## DATA:
BEGIN

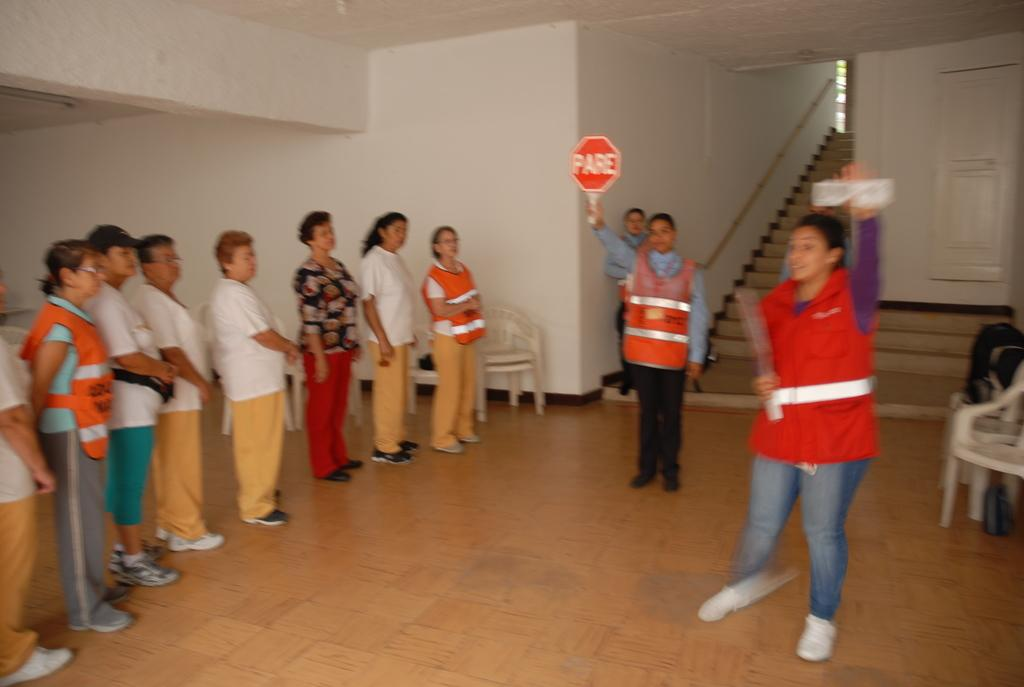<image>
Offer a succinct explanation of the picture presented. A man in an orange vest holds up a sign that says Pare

END
BEGIN

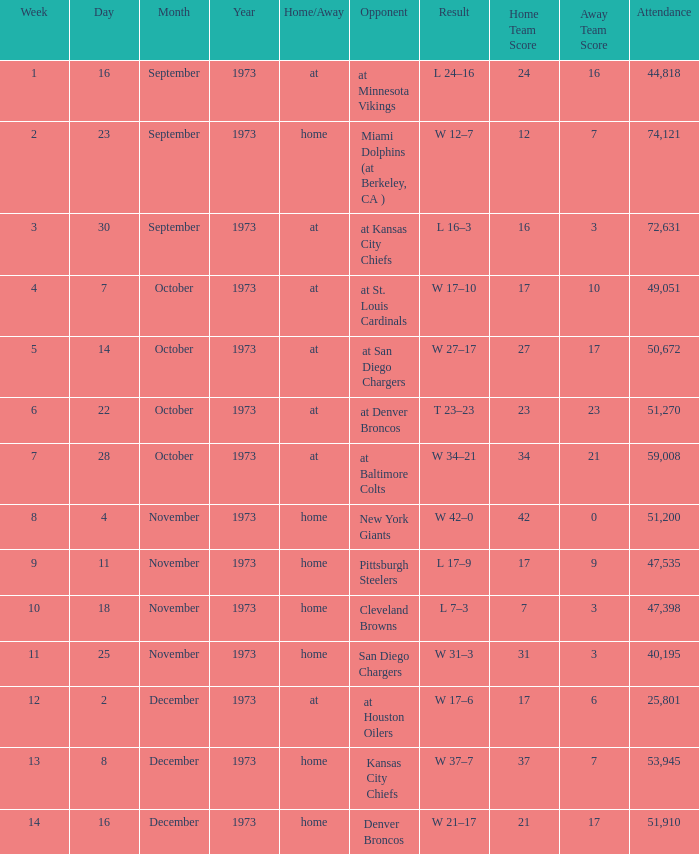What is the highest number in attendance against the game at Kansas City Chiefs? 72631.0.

END
BEGIN

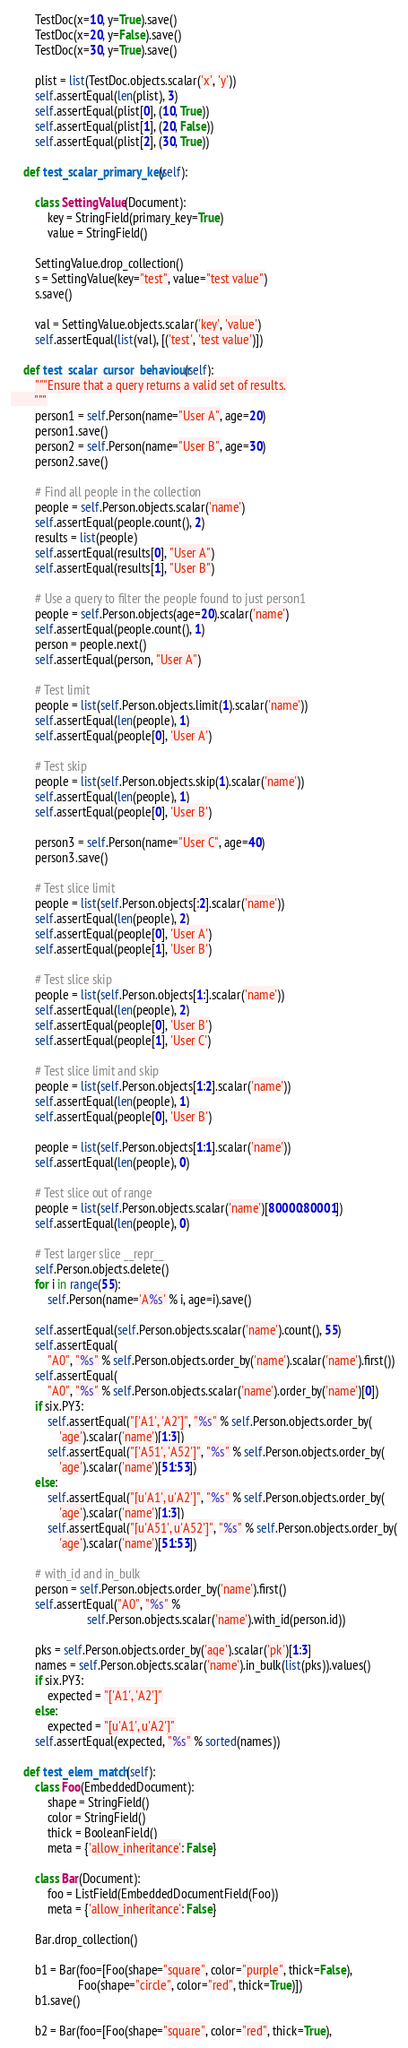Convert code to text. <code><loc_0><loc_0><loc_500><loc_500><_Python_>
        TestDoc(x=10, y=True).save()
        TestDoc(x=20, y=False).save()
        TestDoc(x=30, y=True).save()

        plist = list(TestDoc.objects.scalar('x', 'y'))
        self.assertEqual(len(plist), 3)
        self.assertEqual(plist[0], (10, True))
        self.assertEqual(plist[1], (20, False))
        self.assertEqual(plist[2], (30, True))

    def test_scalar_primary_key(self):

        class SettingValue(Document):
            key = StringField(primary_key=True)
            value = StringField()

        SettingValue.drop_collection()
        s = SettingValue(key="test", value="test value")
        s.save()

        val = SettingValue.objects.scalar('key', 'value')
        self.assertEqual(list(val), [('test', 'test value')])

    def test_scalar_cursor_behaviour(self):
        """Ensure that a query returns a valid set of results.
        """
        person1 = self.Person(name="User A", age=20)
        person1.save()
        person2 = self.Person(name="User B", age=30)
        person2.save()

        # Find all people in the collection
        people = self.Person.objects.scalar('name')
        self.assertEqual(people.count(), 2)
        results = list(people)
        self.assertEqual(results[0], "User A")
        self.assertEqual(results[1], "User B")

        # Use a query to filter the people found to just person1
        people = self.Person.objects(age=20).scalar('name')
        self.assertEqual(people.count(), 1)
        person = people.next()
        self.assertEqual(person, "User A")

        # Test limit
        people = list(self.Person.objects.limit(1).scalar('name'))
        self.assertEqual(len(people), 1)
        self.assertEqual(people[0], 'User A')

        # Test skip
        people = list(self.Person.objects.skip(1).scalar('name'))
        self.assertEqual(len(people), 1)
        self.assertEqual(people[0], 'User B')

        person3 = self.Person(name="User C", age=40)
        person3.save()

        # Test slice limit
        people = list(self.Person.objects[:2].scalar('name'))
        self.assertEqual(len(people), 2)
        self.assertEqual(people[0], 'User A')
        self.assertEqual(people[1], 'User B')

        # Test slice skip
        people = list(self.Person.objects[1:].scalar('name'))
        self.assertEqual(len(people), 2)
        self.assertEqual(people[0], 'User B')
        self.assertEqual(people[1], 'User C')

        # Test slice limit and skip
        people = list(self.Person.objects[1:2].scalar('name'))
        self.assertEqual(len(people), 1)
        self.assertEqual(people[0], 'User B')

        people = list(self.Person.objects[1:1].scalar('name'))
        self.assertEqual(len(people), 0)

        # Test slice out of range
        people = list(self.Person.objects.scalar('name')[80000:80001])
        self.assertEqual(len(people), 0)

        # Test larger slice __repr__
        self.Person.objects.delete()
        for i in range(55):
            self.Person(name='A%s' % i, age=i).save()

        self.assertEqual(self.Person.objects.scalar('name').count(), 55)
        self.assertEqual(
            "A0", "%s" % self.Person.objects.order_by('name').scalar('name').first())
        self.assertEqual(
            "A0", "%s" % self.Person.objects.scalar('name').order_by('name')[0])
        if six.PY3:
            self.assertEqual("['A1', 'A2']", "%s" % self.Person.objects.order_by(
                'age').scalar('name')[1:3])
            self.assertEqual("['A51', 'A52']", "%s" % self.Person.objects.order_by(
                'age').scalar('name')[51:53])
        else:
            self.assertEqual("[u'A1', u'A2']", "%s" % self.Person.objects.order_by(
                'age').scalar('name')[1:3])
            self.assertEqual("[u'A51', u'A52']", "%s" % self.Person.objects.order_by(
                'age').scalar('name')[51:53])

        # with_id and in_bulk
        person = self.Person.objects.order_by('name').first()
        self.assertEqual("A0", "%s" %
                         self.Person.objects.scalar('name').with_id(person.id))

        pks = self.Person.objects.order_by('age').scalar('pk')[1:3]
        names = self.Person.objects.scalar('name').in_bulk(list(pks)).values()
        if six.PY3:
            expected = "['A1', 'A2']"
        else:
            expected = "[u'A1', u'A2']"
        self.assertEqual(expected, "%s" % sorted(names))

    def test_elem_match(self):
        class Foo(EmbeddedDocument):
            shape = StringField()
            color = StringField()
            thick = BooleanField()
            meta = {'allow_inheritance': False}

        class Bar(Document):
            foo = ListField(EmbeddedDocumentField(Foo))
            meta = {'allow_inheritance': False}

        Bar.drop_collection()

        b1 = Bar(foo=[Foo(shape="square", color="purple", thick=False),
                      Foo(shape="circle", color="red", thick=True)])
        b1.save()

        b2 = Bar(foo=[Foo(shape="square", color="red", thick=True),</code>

END

## WHAT YOU ARE ASKED TO DO:
Would you copy each line of the records that contains "expected"?

## RESPONSE:
            expected = "['A1', 'A2']"
            expected = "[u'A1', u'A2']"
        self.assertEqual(expected, "%s" % sorted(names))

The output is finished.